Die passenden Formulierungen könnten unter anderem so aussehen:

  • Die angegebenen Preise sind nicht verbindlich und können ggf. durch einen etwaigen Mehraufwand über- bzw. unterschritten werden.
  • Die genannten Preise sowie der geschätzte Arbeitsaufwand sind nicht verbindlich. Der tatsächliche Endpreis kann sich zum Beispiel durch einen höheren Arbeitsaufwand von den genannten Preisen unterscheiden.

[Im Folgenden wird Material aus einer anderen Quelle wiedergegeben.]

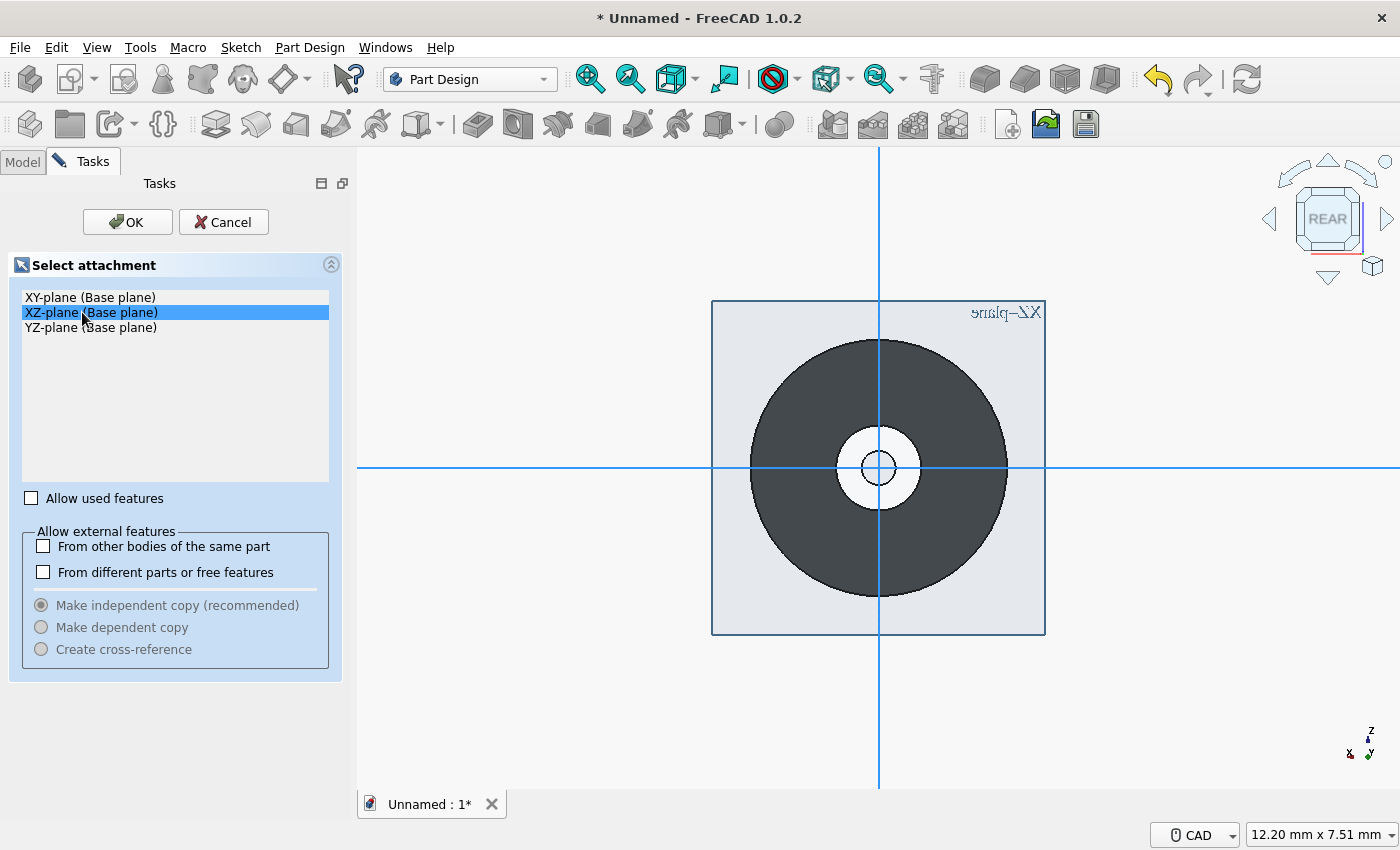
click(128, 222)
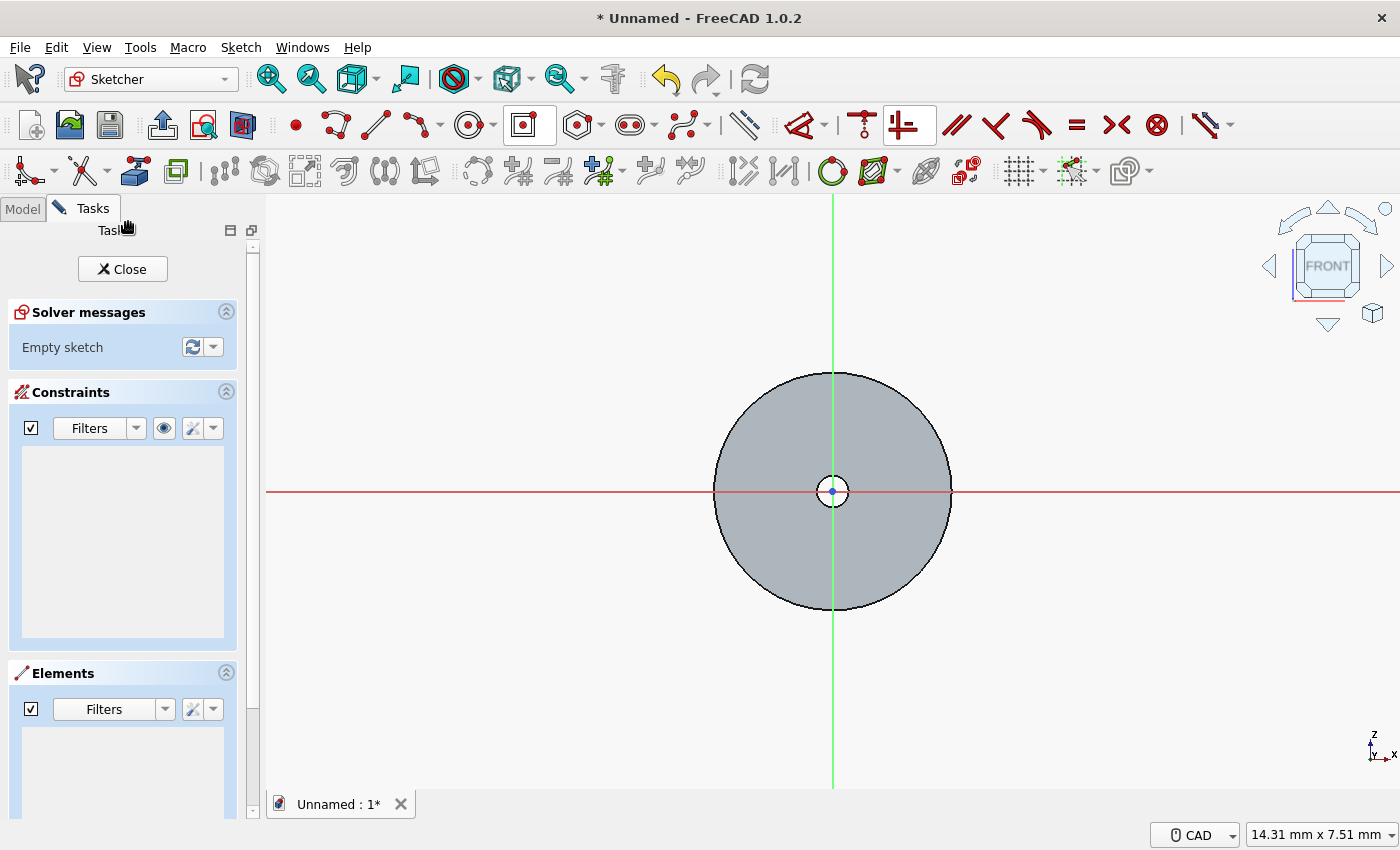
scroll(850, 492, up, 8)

Unsere Kostenvoranschlag-Vorlage macht es Ihnen einfach

Wählen Sie aus, ob Sie einen Vordruck in Excel oder in Word verwenden möchten. Die Dokumente stehen oft auch als PDF zum Download bereit oder sollten von Ihnen in ein solches Format konvertiert werden. Eine Word-Datei ist leicht anzupassen. Achten Sie darauf, dass das Layout ansprechend ist. Denn das Schriftstück ist ein wichtiger Teil der Kundenkommunikation. Neben dem Inhalt spielt also auch die Optik eine Rolle.

Das Einfügen von Logos oder Wasserzeichen sollte schnell von der Hand gehen. Um den Kostenvoranschlag in einem Standard-Briefumschlag mit Sichtfenster zu versenden, sollten die entsprechenden Zoll-Abstände eingehalten werden.

Ein Kostenvoranschlag muss nicht unterzeichnet werden. Auf Wunsch können Sie dies allerdings gern als persönlichen Abschluss integrieren.